Brian Granger - Cal Poly State University / Associate Professor of Physics

Brian Granger is an Associate Professor of Physics at Cal Poly State University in San Luis Obispo, CA. He has a background in theoretical atomic, molecular and optical physics, with a Ph.D from the University of Colorado. His current research interests include quantum computing, parallel and distributed computing and interactive computing environments for scientific and technical computing. He is a core developer of the IPython project and is an active contributor to a number of other open source projects focused on scientific computing in Python.



Andreas Klöckner - University of Illinois at Urbana-Champaign

Andreas Klöckner is an Assistant Professor in the scientific computing group within the Department of Computer Science at the University of Illinois at Urbana-Champaign. He works on high-order numerical methods for the simulation of wave problems as well as issues in high-performance scientific computing that relate to bringing these methods to life on large-scale parallel computers. In support of his research, Dr. Klöckner has released numerous scientific software packages. He obtained his PhD degree at the Division of Applied Mathematics at Brown University with Jan Hesthaven, working on large-scale finite element simulations of wave problems in the time domain. From Brown, Klöckner moved to the Courant Institute of Mathematical Sciences at New York University as a Courant Instructor, where he worked on integral equation methods and fast algorithms within Leslie Greengard's group.

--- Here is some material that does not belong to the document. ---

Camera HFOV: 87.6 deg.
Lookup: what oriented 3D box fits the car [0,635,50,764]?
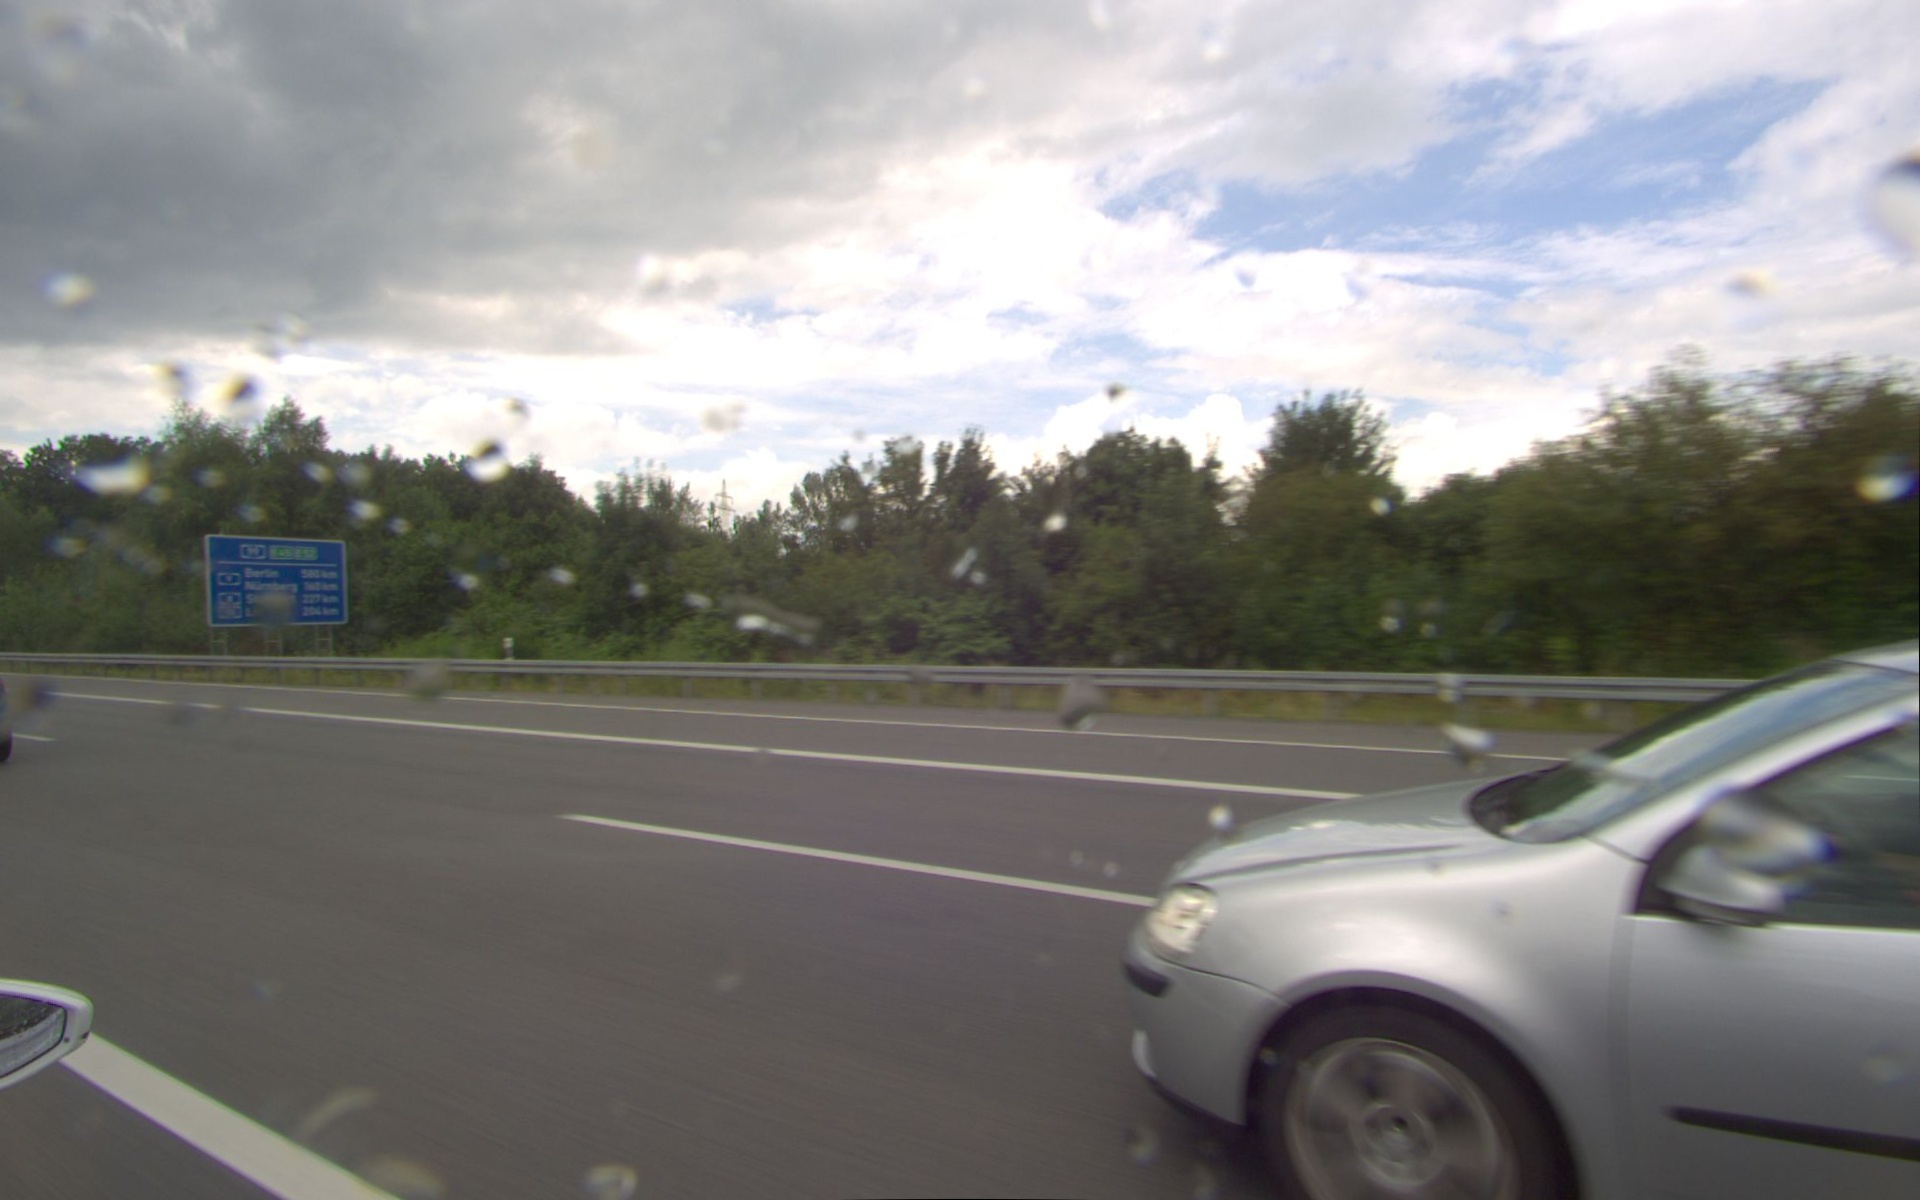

Hanna Wallach - Microsoft Research NYC / Adjunct Associate Professor, UMass Amherst

Hanna Wallach is a researcher at Microsoft Research in New York City and an assistant professor at the University of Massachusetts Amherst's School of Computer Science, where she is one of five core faculty members involved in UMass's recently formed Computational Social Science Initiative. Hanna develops new machine learning methods for analyzing the structure, content, and dynamics of complex social processes, such as the US political system, the US patent system, and software development communities. Her research contributes to machine learning, Bayesian statistics, and, in collaboration with social scientists, to the nascent field of computational social science. Her work on infinite belief networks won the best paper award at AISTATS 2010. Hanna has organized several workshops on Bayesian latent variable modeling and computational social science. She also co-founded the annual Women in Machine Learning Workshop. Hanna holds a B.A. in Computer Science from the University of Cambridge, an M.S. in Cognitive Science and Machine Learning from the University of Edinburgh, and a Ph.D. in Physics from the University of Cambridge.